We didn’t even have a great reason to be doing them on Wednesdays – at one time, all of the teams at Automattic did updates on Thursdays, so it made sense to schedule internal team updates on Wednesdays.

Our company wide updates are still called Thursday Updates, but they are usually posted on Fridays, sometimes the following Monday, depending on what time zones the team’s members tend to work from.

The time we scheduled the updates didn’t make sense anymore. Our internal stats for chats and tickets run Sunday > Saturday, so to do any kind of regular volume updates meant folks had to do some math by hand, which was a point of friction.

Wednesday was also suboptimal because it was right about the point in the week where folk started to catch their groove – breaking it up with unstructured reflection (or being ignored, or populated with throwaway content), wasn’t the best we could do.

Short story long – starting this coming week we’ll be doing our updates on Monday morning, with a consistent structure for each person on the team, including me. There are expectations for clear and transparent reporting of individual volume, as well as how it compares to our team baseline, which is a sort of cooperative understanding of what a day’s work looks like for us at this time.

This brings us around to the obvious question; what does this have to do with one on ones?

In considering the one on ones that I really enjoy, that I feel are Working, they’re consistent in that they are not simply status updates – they’re not “I did X. This week I’m doing Y.”

Instead, they’re about experiences and approaches, friction and family. They’re about building a relationship rather than communicating things I can easily find elsewhere, especially with our commitment to communication and transparency.

As our weekly personal updates become more focused, I think it’s entirely possible that they could take the place of the more status-update-like one on one conversations.
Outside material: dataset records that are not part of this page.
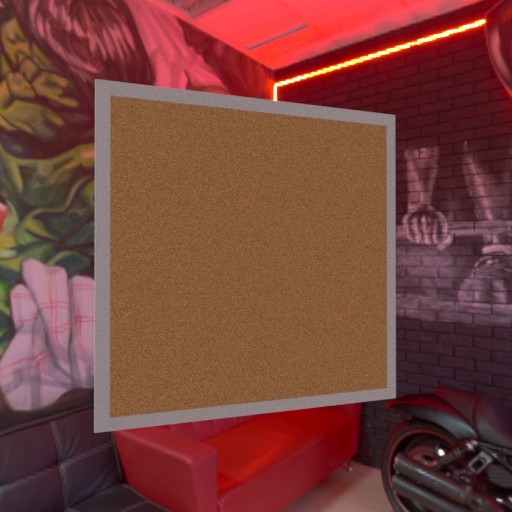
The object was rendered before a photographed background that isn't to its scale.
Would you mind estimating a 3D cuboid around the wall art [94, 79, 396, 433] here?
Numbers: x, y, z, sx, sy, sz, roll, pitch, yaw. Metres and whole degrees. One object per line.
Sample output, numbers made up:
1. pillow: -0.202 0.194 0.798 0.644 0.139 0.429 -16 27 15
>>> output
1. wall art: 0.000 0.000 0.447 0.305 0.305 0.038 0 0 -18
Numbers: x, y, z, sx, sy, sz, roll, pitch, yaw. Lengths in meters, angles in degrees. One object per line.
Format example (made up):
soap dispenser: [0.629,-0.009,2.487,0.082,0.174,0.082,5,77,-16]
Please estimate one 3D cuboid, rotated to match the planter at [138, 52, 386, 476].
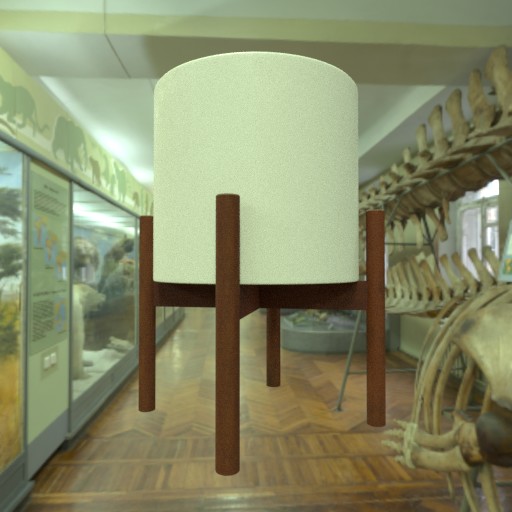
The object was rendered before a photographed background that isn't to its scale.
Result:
planter: [0.000,0.000,0.496,0.224,0.358,0.224,1,-1,-34]
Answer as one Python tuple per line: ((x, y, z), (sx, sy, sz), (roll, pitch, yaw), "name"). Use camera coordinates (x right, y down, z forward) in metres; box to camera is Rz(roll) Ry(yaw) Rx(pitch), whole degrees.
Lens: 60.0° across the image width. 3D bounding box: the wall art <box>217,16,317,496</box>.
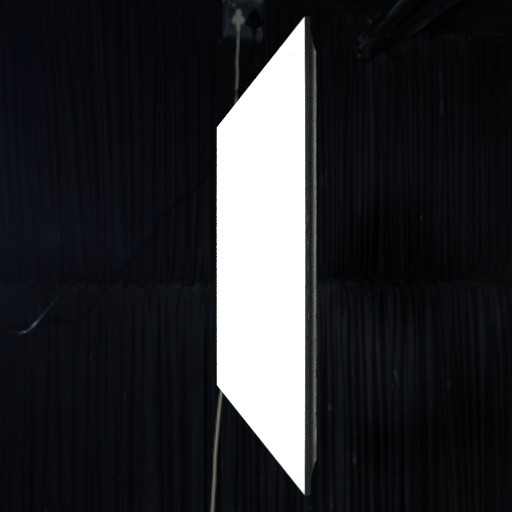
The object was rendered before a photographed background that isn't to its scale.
((0.000, 0.000, 0.606), (0.023, 0.457, 0.381), (0, 0, -18), "wall art")
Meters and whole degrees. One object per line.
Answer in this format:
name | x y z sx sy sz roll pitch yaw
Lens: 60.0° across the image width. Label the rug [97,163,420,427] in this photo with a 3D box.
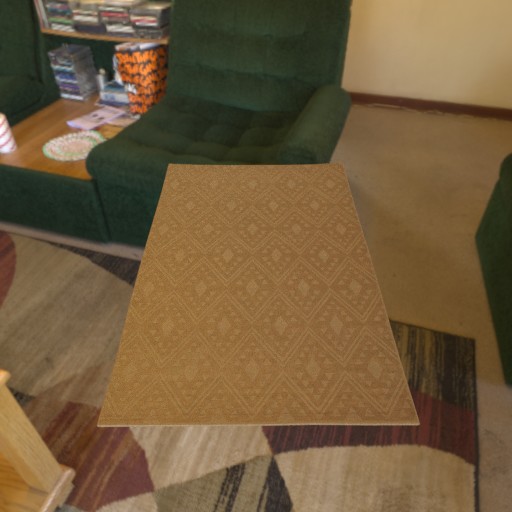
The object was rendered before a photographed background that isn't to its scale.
rug | 0.000 0.000 3.018 1.553 0.053 2.430 0 42 0
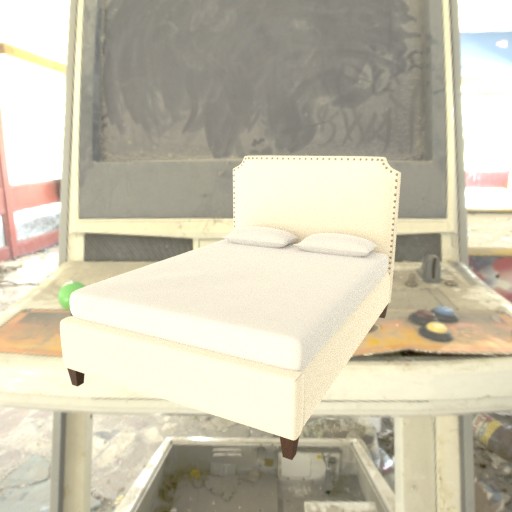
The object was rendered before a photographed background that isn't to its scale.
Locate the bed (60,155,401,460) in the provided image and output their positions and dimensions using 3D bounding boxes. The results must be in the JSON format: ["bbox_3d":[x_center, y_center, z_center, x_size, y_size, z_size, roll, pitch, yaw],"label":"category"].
[{"bbox_3d":[0.000,0.000,3.468,1.712,1.497,2.372,7,15,27],"label":"bed"}]
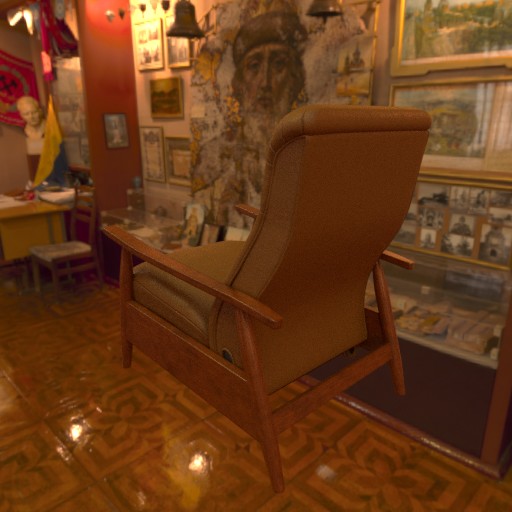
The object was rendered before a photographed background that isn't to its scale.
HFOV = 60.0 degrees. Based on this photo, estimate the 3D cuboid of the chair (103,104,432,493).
[{"bbox_3d":[0.000,0.000,1.712,0.762,1.082,1.014,-15,23,-41],"label":"chair"}]
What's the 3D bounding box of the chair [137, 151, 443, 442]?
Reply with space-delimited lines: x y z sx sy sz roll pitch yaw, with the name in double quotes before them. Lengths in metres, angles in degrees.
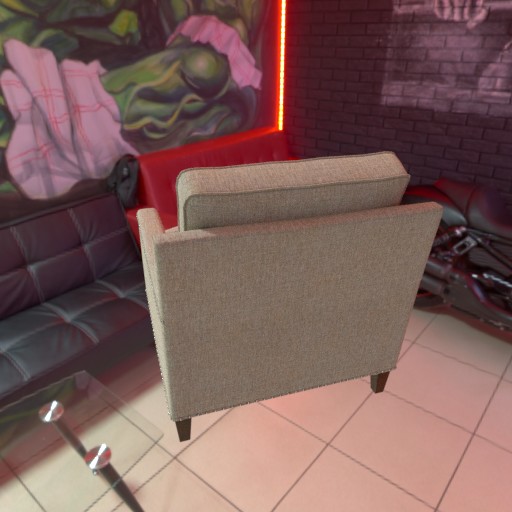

This isn’t to say that I’ll stop doing them (I love one on ones), but rather I’ll have a chance to start doing them correctly – using them to get to know my team, rather than getting to know the stuff around them.

I think it is probably also a good move for me to start being more clear to my team how I think about one on ones – if they are meant for talking about bigger career thinking, about navigating the waters within Automattic, about finding the right way to be impactful, there is likely a better way to structure that.

I’m not sure what that structure will look like – I have been reading about OKRs quite a lot, and it seems like they could fill that not-daily-work-but-still-important-work structure.

I am also trying to be more aware that my natural inclination toward more structure is not always the right move – although, I think I’m probably right about this one!